[The problem]
Below are some entries. Count the lines where "median" appears and state only that number.

[Records shown]
>>>>

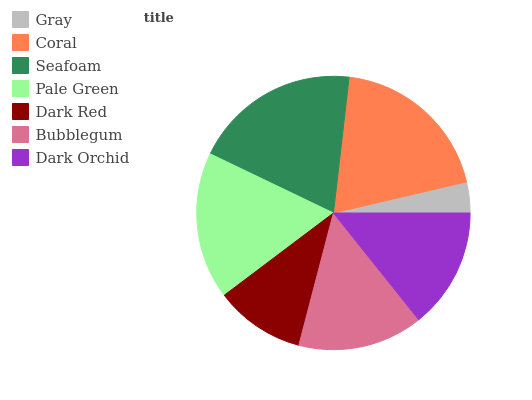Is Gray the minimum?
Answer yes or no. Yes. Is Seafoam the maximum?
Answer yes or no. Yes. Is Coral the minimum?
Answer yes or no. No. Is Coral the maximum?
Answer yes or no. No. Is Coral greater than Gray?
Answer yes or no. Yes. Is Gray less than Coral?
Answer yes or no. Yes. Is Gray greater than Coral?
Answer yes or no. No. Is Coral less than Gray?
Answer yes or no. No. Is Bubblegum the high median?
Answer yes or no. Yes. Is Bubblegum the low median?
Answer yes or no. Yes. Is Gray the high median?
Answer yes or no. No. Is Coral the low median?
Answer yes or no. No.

<<<<
>>>>

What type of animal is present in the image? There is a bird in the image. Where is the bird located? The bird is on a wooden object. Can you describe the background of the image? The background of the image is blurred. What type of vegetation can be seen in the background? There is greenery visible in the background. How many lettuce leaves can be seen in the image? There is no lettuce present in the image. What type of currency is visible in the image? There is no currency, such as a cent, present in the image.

<<<<

[Solution to the exercise]
4